ポジショニングとは、市場での地位(違い、差異、ブランド)を確立することです。
私たちは、ポジショニング(競合)分析をするときに、自分たちが競争相手と考えている会社や商品と比べようとします。
しかしそれでは、かぎりなく業界の内輪の話になってしまいます。
業界の外、すなわち、お客様から見れば、よく知らない会社と比べられても意味がありません。

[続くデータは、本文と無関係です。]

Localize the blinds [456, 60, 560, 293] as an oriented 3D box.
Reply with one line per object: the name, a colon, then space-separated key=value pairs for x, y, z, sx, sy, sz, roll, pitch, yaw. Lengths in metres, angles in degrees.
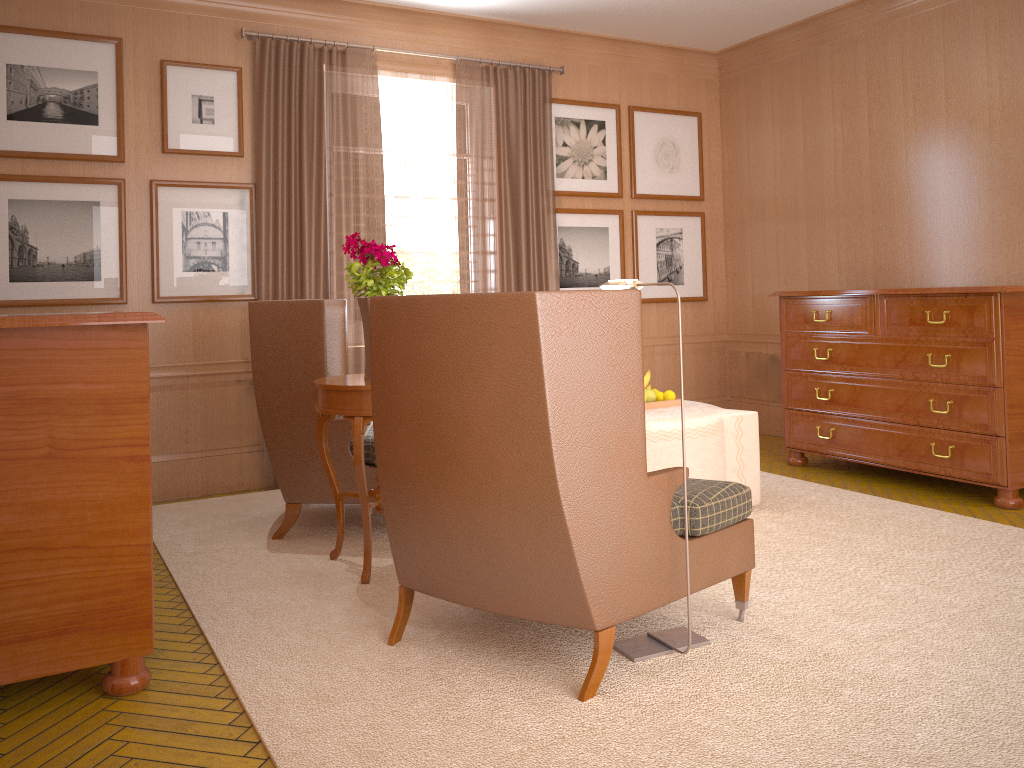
blinds: x=-0.029 y=-1.504 z=10.733 sx=1.449 sy=4.802 sz=0.266 roll=-1 pitch=-1 yaw=-30

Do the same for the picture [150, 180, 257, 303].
picture: x=-3.174 y=-1.474 z=9.124 sx=1.051 sy=1.252 sz=0.047 roll=-2 pitch=-1 yaw=-29

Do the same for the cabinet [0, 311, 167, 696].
cabinet: x=-3.049 y=0.550 z=5.407 sx=1.418 sy=1.945 sz=2.769 roll=-2 pitch=3 yaw=-29

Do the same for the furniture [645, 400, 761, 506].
furniture: x=1.012 y=0.661 z=8.142 sx=1.954 sy=0.901 sz=1.952 roll=-4 pitch=5 yaw=-32

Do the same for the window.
window: x=-1.309 y=-2.125 z=10.655 sx=2.437 sy=3.387 sz=0.844 roll=-2 pitch=0 yaw=-29

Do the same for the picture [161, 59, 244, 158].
picture: x=-3.212 y=-2.854 z=9.154 sx=0.806 sy=0.960 sz=0.047 roll=-2 pitch=-1 yaw=-29

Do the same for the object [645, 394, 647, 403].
object: x=1.143 y=0.138 z=7.985 sx=0.156 sy=0.135 sz=0.159 roll=-3 pitch=3 yaw=-25

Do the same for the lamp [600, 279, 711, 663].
lamp: x=0.730 y=0.426 z=4.935 sx=0.628 sy=2.036 sz=0.564 roll=-2 pitch=-1 yaw=32

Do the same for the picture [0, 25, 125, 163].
picture: x=-4.423 y=-2.784 z=8.487 sx=1.252 sy=1.252 sz=0.047 roll=-3 pitch=-1 yaw=-29

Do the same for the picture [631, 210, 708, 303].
picture: x=2.175 y=-1.744 z=12.073 sx=1.252 sy=1.252 sz=0.047 roll=-3 pitch=-1 yaw=-29

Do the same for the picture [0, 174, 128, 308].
picture: x=-4.383 y=-1.374 z=8.455 sx=1.252 sy=1.252 sz=0.047 roll=-3 pitch=-1 yaw=-29

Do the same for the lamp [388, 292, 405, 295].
lamp: x=-1.226 y=0.096 z=8.810 sx=0.628 sy=2.031 sz=0.563 roll=-2 pitch=-1 yaw=23

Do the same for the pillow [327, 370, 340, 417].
pillow: x=-1.878 y=0.064 z=7.956 sx=0.538 sy=0.707 sz=1.077 roll=-2 pitch=4 yaw=-4

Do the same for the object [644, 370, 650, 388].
object: x=1.231 y=-0.031 z=8.357 sx=0.070 sy=0.169 sz=0.405 roll=-2 pitch=4 yaw=38

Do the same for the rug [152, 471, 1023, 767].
rug: x=0.882 y=1.289 z=6.519 sx=6.008 sy=0.020 sz=7.968 roll=-5 pitch=6 yaw=-29

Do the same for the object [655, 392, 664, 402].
object: x=1.381 y=0.126 z=8.224 sx=0.111 sy=0.111 sz=0.134 roll=-3 pitch=3 yaw=-26

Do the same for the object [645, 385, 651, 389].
object: x=1.242 y=0.048 z=8.345 sx=0.072 sy=0.173 sz=0.398 roll=-2 pitch=4 yaw=37

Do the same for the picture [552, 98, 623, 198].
picture: x=0.905 y=-3.052 z=11.425 sx=1.252 sy=1.252 sz=0.047 roll=-3 pitch=-1 yaw=-29

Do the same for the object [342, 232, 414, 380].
object: x=-0.984 y=-0.586 z=6.526 sx=0.525 sy=1.092 sz=0.455 roll=-2 pitch=0 yaw=-30

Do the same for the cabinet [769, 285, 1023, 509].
cabinet: x=4.198 y=-0.014 z=9.031 sx=1.418 sy=1.945 sz=2.769 roll=-2 pitch=3 yaw=-29

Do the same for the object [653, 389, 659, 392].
object: x=1.352 y=0.111 z=8.377 sx=0.114 sy=0.134 sz=0.108 roll=-1 pitch=2 yaw=18

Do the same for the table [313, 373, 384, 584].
table: x=-0.975 y=0.647 z=6.512 sx=0.926 sy=1.375 sz=1.038 roll=-2 pitch=1 yaw=-21

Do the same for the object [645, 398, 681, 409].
object: x=1.069 y=0.174 z=8.194 sx=0.802 sy=0.060 sz=0.640 roll=-5 pitch=6 yaw=-29

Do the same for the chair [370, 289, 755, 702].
chair: x=0.158 y=0.452 z=5.122 sx=1.907 sy=1.978 sz=1.725 roll=0 pitch=2 yaw=36

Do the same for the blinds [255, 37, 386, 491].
blinds: x=-2.062 y=-1.330 z=9.607 sx=1.430 sy=4.812 sz=0.265 roll=-1 pitch=-1 yaw=-28

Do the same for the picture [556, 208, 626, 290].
picture: x=0.945 y=-1.642 z=11.393 sx=1.252 sy=1.252 sz=0.047 roll=-3 pitch=-1 yaw=-29

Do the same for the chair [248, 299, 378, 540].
chair: x=-1.437 y=0.211 z=7.979 sx=1.720 sy=1.977 sz=1.914 roll=-2 pitch=2 yaw=-4

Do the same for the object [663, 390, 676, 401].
object: x=1.460 y=0.123 z=8.170 sx=0.114 sy=0.134 sz=0.108 roll=-1 pitch=2 yaw=18

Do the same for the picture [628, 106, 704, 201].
picture: x=2.136 y=-3.154 z=12.104 sx=1.252 sy=1.252 sz=0.047 roll=-3 pitch=-1 yaw=-29

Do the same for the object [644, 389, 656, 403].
object: x=1.245 y=0.118 z=8.112 sx=0.169 sy=0.147 sz=0.173 roll=-1 pitch=3 yaw=17

たとえば、工務店であれば住宅トップの積水ハウスと比べることです。
家を建てようとする人で、積水ハウスを知らない人は、まず、いないでしょう。
ですから、比較できるのです。
ところが工務店の経営者は、「自社は注文住宅で、積水ハウスはプレハブ住宅だから、まったく違う」と考えています。
でも、お客様からみれば、どちらも「戸建ての家」です。

積水ハウスは、業界トップの大企業で、ほとんどの部分で優れています。
しかし、大企業だからこそできないこともあります。

プレハブ住宅は、工場でつくり現場で組み立てるものですから、細かな仕様変更はできません。
また、販売に関してもマニュアルが充実しているため、個別対応ができません。
何より、あれだけのテレビCMを流しているように、広告宣伝にお金をかけています。
さらに、会社が大きいだけに間接部門の人件費も莫大です。
そのうえ利益もしっかり出しています。
それら広告宣伝費・人件費・利益のすべてが住宅の価格に含まれています。

そこに、小さな会社だからこそ、優位性を発揮できる「付け入る隙」があるのです。
そこであなたは、『ガリバー旅行記』の巨人の国に行ったことを想定して、大企業が「やりたくてもできないこと」「小さな会社だからこそ上手に対応できること」を特徴として打ち出します。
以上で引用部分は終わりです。